## WORK TO BE COMPLETED
Starting at the line with "subtitle Choice [93, 231, 1164, 260]" and going on through the line with "table_header Choice 001", reproduce each line in the records below exactly and nothing more.

## PROVIDED RECORDS
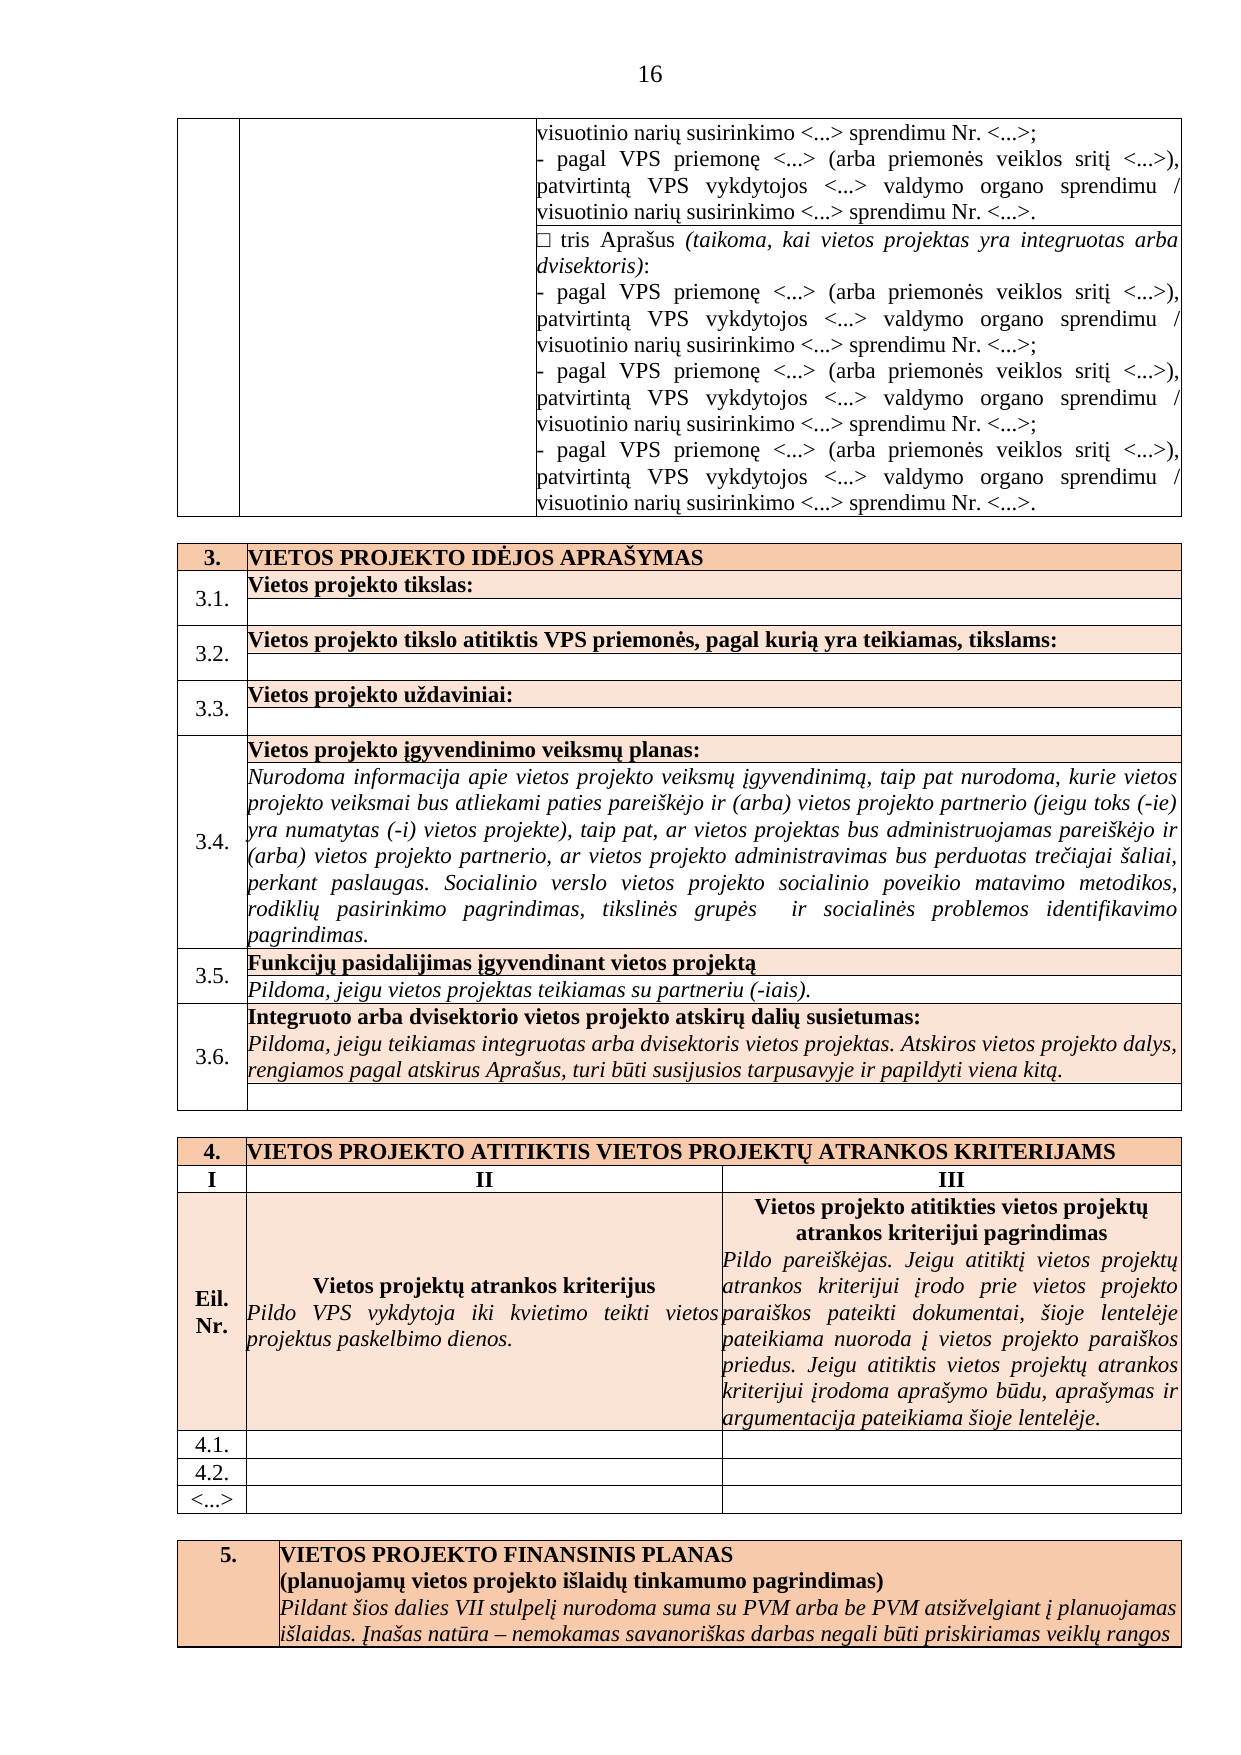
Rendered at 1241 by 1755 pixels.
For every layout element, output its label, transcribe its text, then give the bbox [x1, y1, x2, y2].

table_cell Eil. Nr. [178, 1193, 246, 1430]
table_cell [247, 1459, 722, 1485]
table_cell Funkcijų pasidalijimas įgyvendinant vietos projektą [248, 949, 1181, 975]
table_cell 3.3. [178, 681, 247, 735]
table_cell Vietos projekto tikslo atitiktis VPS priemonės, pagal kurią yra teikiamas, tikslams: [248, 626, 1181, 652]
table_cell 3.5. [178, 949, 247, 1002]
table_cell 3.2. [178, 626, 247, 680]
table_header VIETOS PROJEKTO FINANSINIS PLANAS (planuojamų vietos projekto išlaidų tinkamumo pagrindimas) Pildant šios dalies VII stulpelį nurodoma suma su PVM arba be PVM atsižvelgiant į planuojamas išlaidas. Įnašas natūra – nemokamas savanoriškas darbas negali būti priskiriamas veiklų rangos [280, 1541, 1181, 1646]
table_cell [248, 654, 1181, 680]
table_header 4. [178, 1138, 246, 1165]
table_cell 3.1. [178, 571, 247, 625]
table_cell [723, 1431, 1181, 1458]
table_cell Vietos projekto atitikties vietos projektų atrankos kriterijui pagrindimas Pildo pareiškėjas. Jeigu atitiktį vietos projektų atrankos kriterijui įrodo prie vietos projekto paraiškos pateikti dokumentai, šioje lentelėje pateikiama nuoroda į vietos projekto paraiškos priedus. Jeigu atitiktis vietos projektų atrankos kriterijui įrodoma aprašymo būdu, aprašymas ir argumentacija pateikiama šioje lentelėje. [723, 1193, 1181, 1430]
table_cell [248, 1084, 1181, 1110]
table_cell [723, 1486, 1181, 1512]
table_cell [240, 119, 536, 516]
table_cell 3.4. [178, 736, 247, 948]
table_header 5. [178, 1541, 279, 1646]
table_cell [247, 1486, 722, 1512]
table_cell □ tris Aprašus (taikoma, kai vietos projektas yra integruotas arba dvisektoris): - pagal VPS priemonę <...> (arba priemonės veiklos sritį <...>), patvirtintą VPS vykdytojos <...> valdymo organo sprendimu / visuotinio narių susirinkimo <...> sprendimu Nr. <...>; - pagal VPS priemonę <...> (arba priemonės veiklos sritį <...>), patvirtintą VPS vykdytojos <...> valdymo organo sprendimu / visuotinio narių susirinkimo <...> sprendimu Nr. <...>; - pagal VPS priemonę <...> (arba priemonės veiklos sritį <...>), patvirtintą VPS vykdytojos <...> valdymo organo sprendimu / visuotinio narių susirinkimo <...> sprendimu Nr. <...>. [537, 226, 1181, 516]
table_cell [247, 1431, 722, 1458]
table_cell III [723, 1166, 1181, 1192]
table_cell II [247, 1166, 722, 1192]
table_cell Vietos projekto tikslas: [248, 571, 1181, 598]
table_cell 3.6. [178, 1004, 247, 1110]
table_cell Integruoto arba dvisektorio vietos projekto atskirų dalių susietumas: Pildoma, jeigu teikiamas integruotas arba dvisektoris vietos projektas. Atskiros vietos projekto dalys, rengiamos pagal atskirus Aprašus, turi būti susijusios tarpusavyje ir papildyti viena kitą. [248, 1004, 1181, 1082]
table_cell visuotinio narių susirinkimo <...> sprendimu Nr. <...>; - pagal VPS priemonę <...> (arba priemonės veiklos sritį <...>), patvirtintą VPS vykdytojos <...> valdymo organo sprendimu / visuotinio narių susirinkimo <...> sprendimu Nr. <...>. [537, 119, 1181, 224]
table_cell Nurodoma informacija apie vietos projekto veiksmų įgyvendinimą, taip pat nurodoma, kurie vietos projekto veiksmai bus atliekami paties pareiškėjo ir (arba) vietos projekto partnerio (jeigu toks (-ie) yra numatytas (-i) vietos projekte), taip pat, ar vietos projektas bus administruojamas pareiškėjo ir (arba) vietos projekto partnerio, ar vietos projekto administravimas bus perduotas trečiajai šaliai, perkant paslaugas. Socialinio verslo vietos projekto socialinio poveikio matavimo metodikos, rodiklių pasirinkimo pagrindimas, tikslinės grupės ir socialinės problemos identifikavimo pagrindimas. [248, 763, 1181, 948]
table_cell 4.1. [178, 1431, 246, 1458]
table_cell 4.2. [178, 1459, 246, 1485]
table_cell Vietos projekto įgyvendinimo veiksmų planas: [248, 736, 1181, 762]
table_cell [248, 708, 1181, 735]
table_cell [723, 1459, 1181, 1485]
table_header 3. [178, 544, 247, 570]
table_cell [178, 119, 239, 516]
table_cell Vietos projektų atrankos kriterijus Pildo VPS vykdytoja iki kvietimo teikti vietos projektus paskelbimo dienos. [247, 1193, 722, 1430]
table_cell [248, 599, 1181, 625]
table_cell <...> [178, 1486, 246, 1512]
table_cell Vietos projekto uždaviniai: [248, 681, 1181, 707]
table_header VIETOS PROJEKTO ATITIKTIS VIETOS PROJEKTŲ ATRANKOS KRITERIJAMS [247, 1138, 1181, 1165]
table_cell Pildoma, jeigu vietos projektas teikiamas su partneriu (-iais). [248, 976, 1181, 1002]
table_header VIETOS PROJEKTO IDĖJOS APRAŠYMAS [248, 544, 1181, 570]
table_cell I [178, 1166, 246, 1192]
...
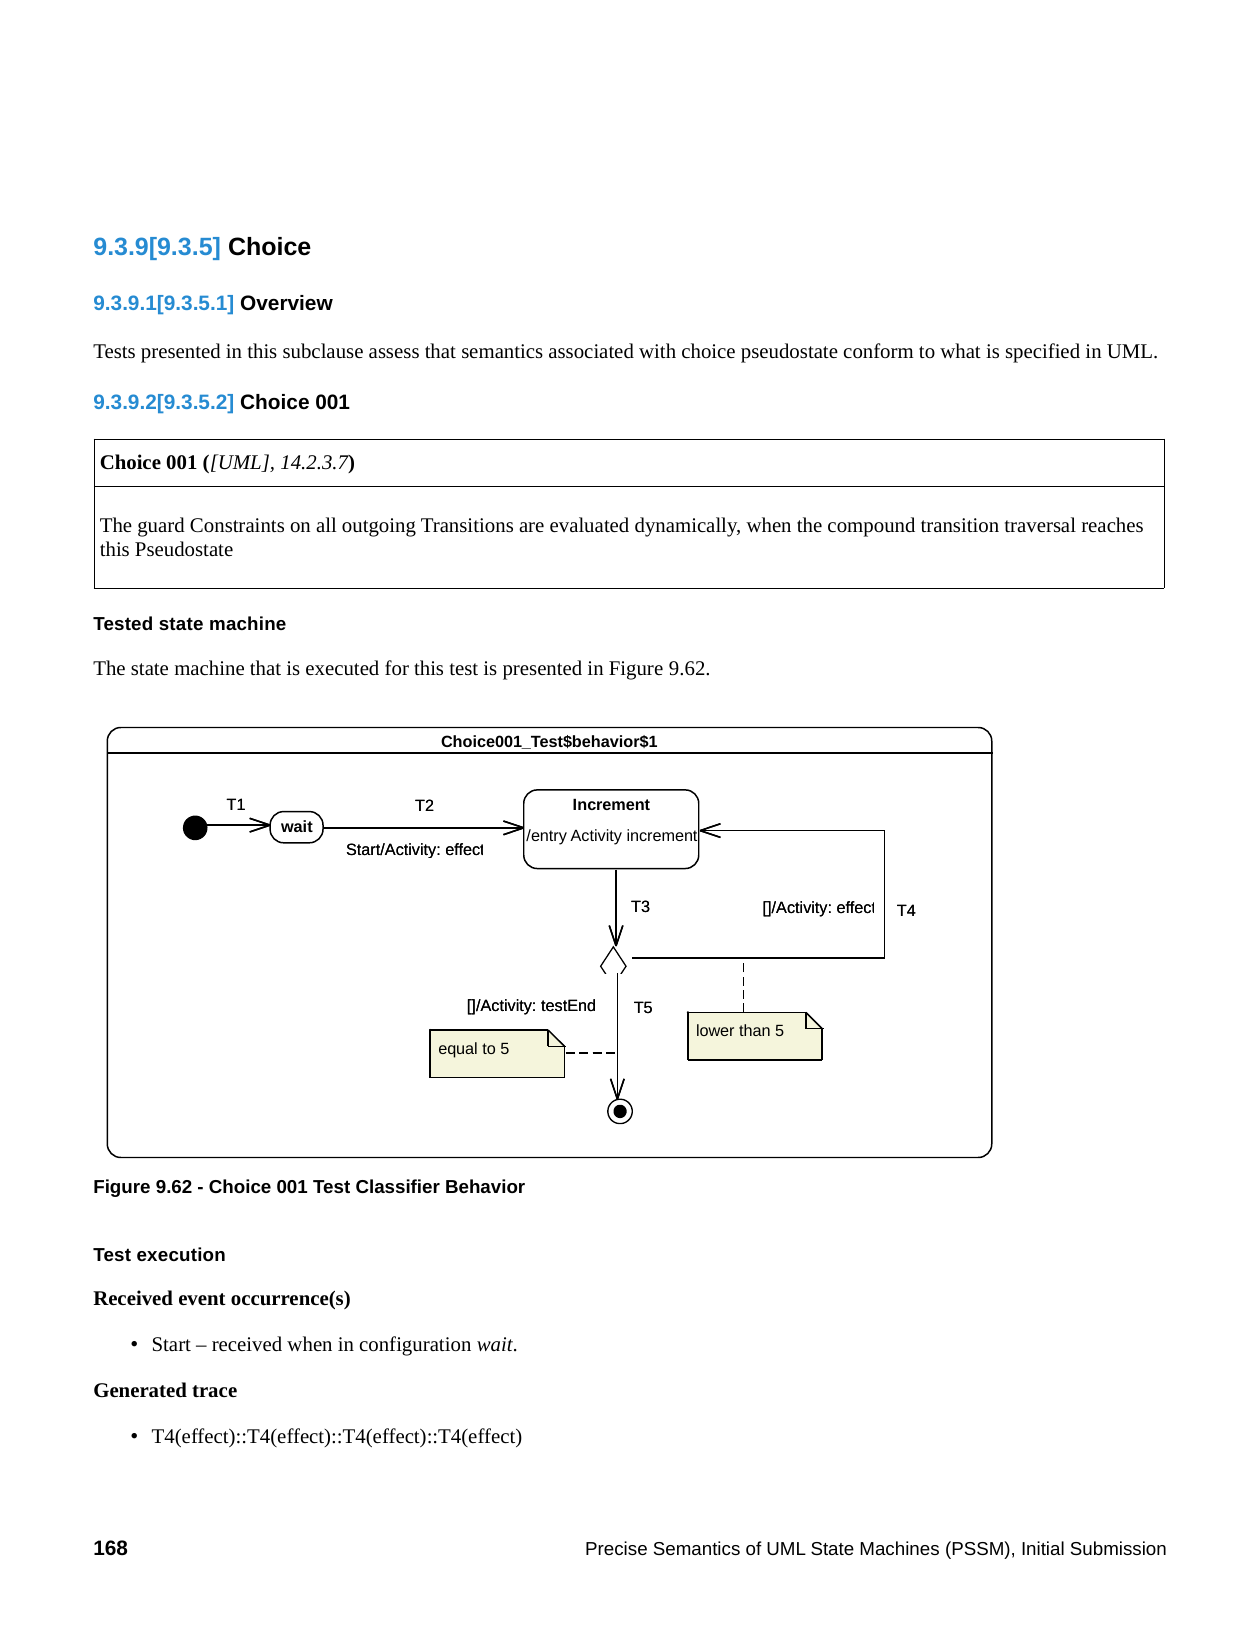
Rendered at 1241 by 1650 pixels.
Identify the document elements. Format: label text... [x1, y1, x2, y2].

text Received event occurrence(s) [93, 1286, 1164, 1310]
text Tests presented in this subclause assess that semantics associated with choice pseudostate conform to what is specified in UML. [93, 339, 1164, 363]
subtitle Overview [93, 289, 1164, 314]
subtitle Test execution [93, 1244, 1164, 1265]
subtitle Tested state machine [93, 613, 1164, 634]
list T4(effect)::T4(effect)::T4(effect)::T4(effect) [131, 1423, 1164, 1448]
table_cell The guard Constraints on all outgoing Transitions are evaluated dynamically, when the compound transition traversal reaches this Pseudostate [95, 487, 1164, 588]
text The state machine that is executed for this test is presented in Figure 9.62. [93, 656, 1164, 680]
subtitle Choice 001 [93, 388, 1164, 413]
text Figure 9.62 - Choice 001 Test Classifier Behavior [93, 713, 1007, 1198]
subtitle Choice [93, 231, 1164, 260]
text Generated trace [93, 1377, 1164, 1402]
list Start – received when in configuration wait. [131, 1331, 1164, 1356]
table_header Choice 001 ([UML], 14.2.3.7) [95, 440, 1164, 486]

## TASK SOLUTION
subtitle Choice [93, 231, 1164, 260]
text Generated trace [93, 1377, 1164, 1402]
list Start – received when in configuration wait. [131, 1331, 1164, 1356]
table_header Choice 001 ([UML], 14.2.3.7) [95, 440, 1164, 486]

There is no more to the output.